Noooo!!! I can't do this!!! Please!
Aw come on, sis!
So, anyway, Rajni is of course cool through the whole scene, all quiet except for *his* trademark grimace on his face, and his early 80s hair falling on his face once in a while, his black leather getup making him sweat in the Madras heat. Sree Vidya finally manages to heat up the knife with the candle, but chickens out totally when it comes to actually doing anything removal-wise. Rajni says, alright what the hell, and picks up the knife with his right hand. This is where you expect, based on experience of watching tens of thousands of similar films, that Sree Vidya should place some sort of cloth or even her hand in Rajni's mouth to stifle his screams.

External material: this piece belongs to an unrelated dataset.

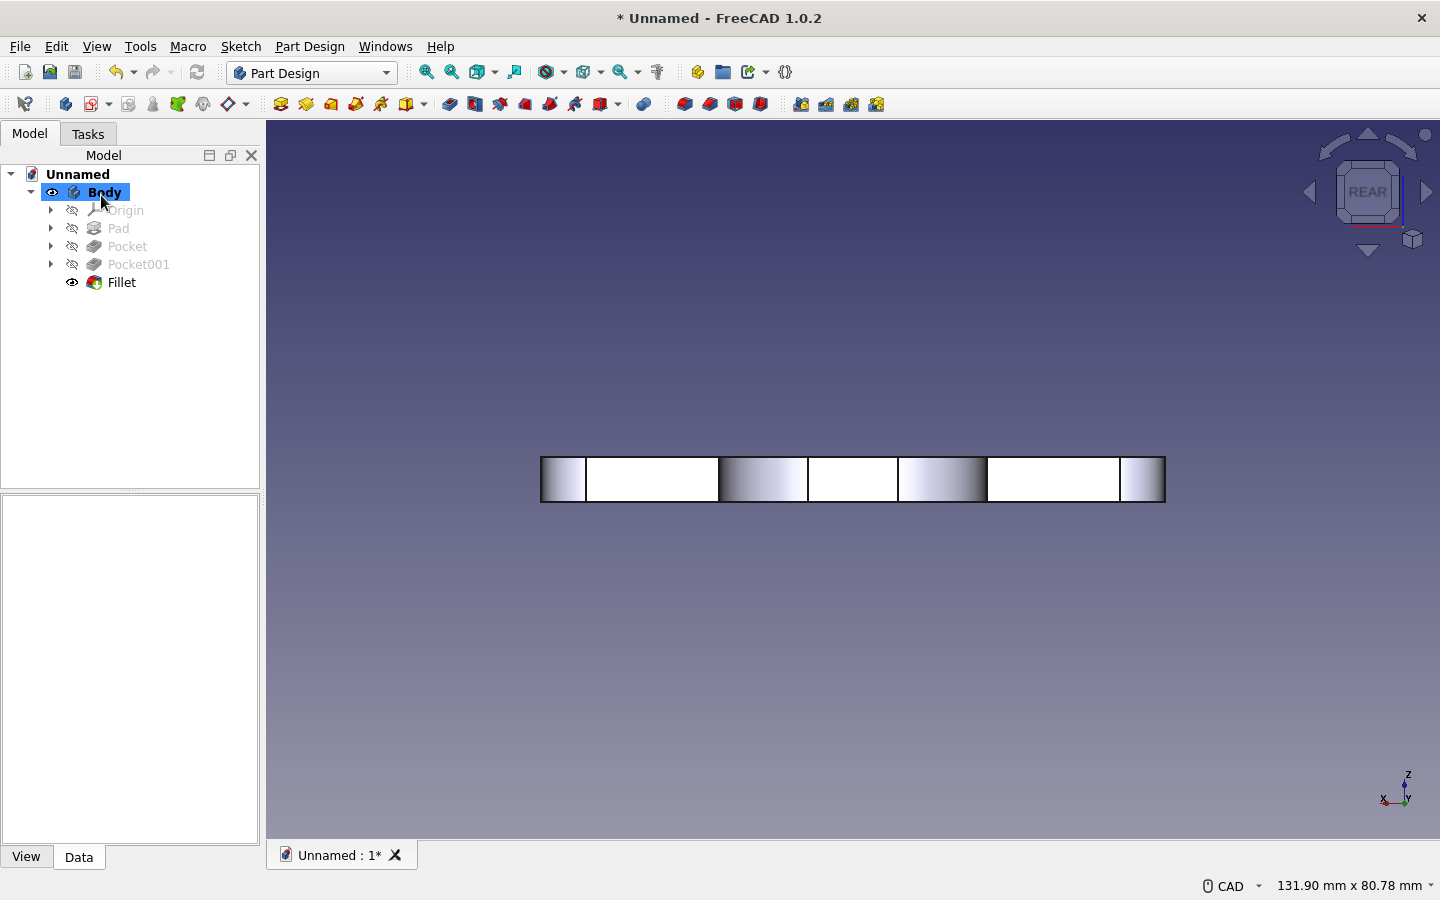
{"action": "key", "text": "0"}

But no, this is a Rajni movie we are talking about, and Abbas clearly exclaimed in Padayappa about Rajni: What a man!
So pay attention, cos the topology of this shot is sort of complicated. Rajni is removing the bullet lodged in his upper arm (left) with his right hand, and Sree Vidya begins to scream (all that Rajni does is give his standard grimace), and Rajni shoves *HIS* left palm into *HER* mouth! With two hands, this dude not only removes the bullet, but also makes sure that his sister doesn't give him away!
Is this dude awesome or is this dude awesome? You be the judge!